If you are not technical, think of this like “drafts” vs “shared document”:

Local = your private draft (saved immediately in your browser)
GitHub = the shared document everyone can Pull

There are two different local storage layers (both scoped by dataset + repo + user):

Session state (local intent)
- Stores your votes/suggestions/comments and author settings you changed locally.
- Purpose: preserve your work immediately, even before you Publish.
Downloaded files cache (raw GitHub files)
- Stores fetched JSON files from the repo (annotations/users/*.json, optional annotations/moderation/merges.json).
- Purpose: make Pull fast and deterministic without re-downloading unchanged files.

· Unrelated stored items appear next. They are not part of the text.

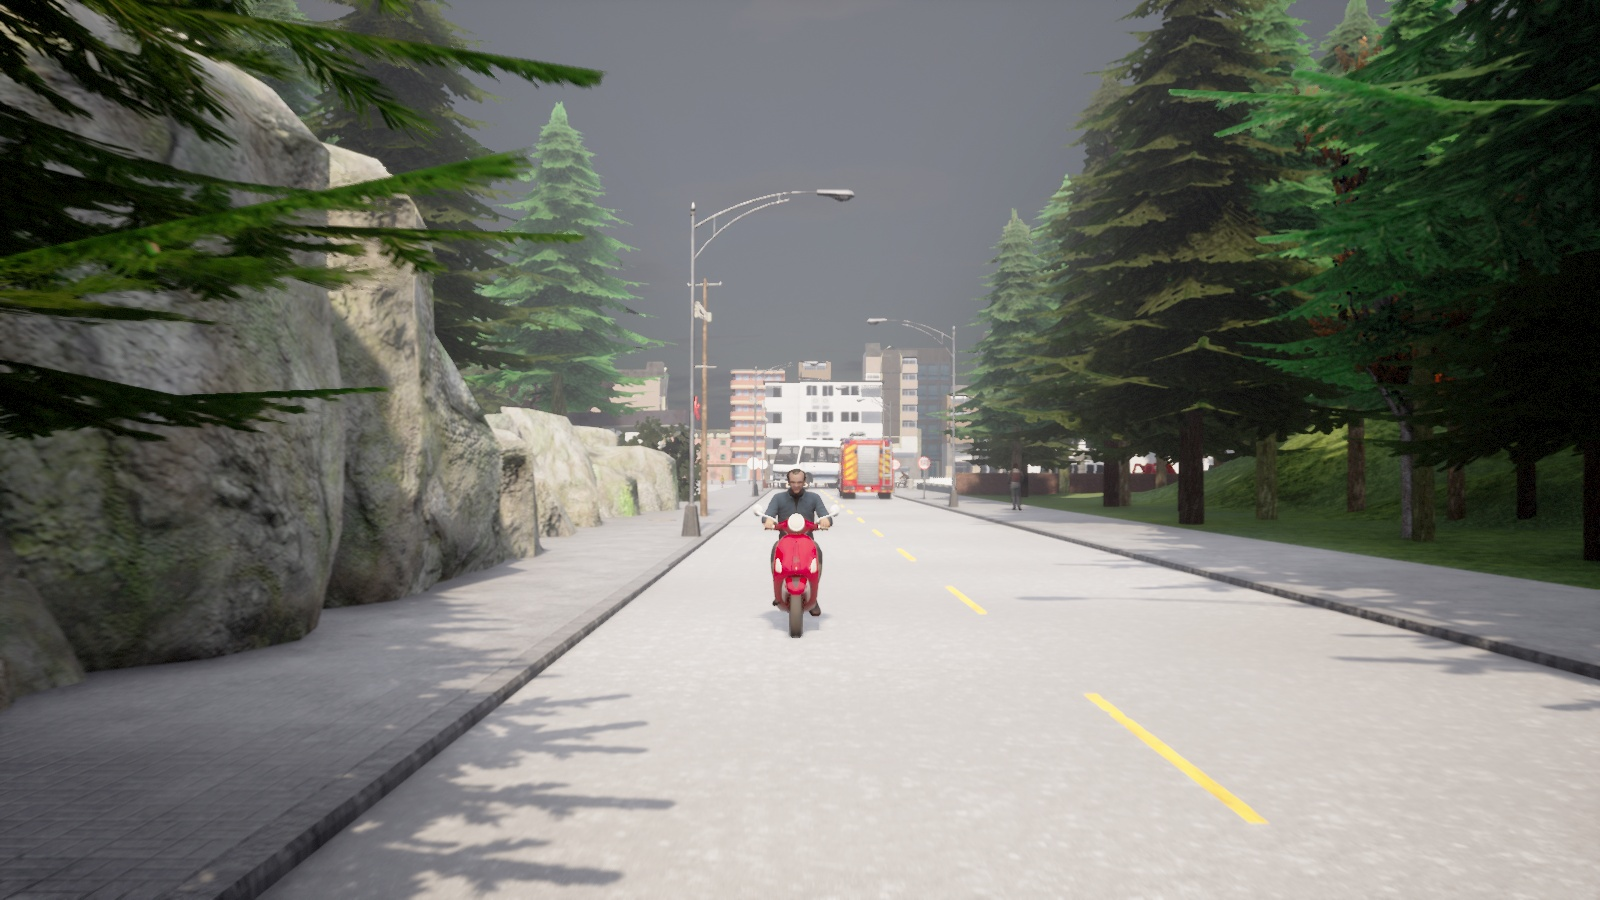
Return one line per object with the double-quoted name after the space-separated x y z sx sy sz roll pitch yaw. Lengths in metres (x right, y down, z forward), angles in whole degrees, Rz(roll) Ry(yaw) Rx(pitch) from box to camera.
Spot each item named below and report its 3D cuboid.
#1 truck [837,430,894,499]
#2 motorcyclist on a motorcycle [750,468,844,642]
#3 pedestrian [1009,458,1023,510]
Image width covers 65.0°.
3.798 0.887 74.762 2.891 3.827 8.468 0 -1 0 "truck"
-0.030 0.977 12.455 0.866 1.590 1.817 0 -1 0 "motorcyclist on a motorcycle"
8.157 1.287 47.510 0.402 1.930 0.666 0 -1 0 "pedestrian"
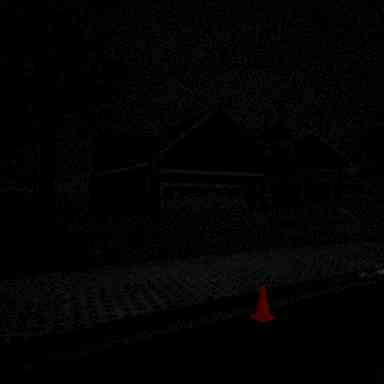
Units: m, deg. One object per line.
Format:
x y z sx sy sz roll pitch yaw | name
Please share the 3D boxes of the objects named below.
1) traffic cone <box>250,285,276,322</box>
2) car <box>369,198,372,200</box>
1.288 1.976 6.015 0.340 0.580 0.340 0 0 -32 | traffic cone
25.039 1.532 45.344 2.033 1.411 5.357 1 0 -9 | car

The annotation repo is the shared source of truth. If you switch dataset, repo, branch, or GitHub user, you switch to a different cache scope.

“Fast Fix” Troubleshooting Map#

Use this as a first-stop map. Each row links to the page where the full troubleshooting lives.

Symptom	Most likely cause	First thing to try	Deep dive
Repo doesn’t show up in “Choose repo…”	GitHub App not installed / repo not selected	Install app → Reload repos	`03_ui_reference`
“Dataset mismatch” / can’t Pull	Dataset id missing in `annotations/config.json`	Ask an author to connect + Publish config	`02_author_guide`
You voted, but others don’t see it	You didn’t Publish, or PR not merged	Publish (or check PR merge) → others Pull	`01_annotator_guide`
Everything is disabled	Column is closed 🗳️🏁, or you’re signed out	Check column badge → re-sign-in → Pull	`01_annotator_guide`
Pull/Publish keeps failing	Network / rate limits / storage restrictions	Retry; then check browser storage and error text	`03_ui_reference`

Shareable Links#

You can share a Cellucid link that pre-selects an annotation repo:

?annotations=owner/repo
?annotations=owner/repo@branch

This link never includes a token; users still need to sign in.

Next Steps#

If you maintain the dataset/repo: start with the Author Guide (02_author_guide).
If you are contributing votes/suggestions: start with the Annotator Guide (01_annotator_guide).
If you want a button-by-button explanation: see UI Reference (03_ui_reference).

Tip

Adding more community-annotation docs:

Put new pages in cellucid-python/docs/user_guide/web_app/j_community_annotation/.
Use numeric prefixes like 04_... so they naturally sort.
This page includes them automatically via a globbed toctree.